Here is my workout structure (pull up example):

1x5 BW + 12.5

1x5 BW + 25

5x5 BW + 35

I had a question on frequency. I'm training 5x5 on my heaviest weight, but the other two weights are pretty high up there. If you think in terms of added body weight:

12.5 + (145) = 157.5

25 + (145) = 170

35 + (145) = 180

This is way different than the actual 5x5 weightlifting program, in which if you could bench 200 it would go something like:

1x5 75

1x5 150

5x5 200

in which the max weight is no where close to the "warmup" weights.

It's almost as if I feel as though I am cheating the 5x5 program because 157.5 is almost 170 which is almost 180, so in essence I'm really doing 7 sets of my 5 rep max. This could or may not be a bad thing, since I might need more volume (3x5 seems way too light), but I'm just questioning the authenticity and already proven results of such a program, with 2 light warmups and heavy 5x5s.

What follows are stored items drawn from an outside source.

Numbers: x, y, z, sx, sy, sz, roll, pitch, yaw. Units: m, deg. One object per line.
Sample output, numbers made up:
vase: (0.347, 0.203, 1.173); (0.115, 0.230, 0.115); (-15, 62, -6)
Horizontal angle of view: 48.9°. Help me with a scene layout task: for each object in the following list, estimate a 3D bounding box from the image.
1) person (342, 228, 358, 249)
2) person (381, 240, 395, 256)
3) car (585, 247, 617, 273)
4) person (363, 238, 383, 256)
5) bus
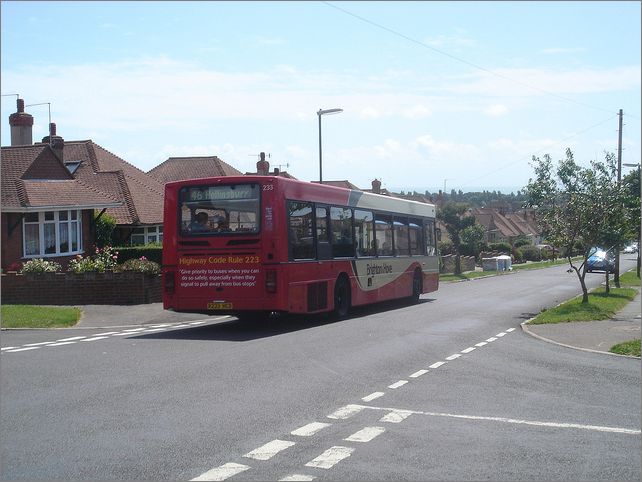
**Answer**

Please also note that I stall (rep-pause) on the last few reps of the last few sets, so I know this is indeed my max weight.

I am still looking into static training as well. I have been screwing around on the rings but haven't put forth any serious effort yet, in fear of killing my gains and strength on the 5x5 exercises. I'm also worried that if I stop my 5x5 weighted bodyweight program I will not build as much mass (although I haven't seen any results yet after a week and a half anyway).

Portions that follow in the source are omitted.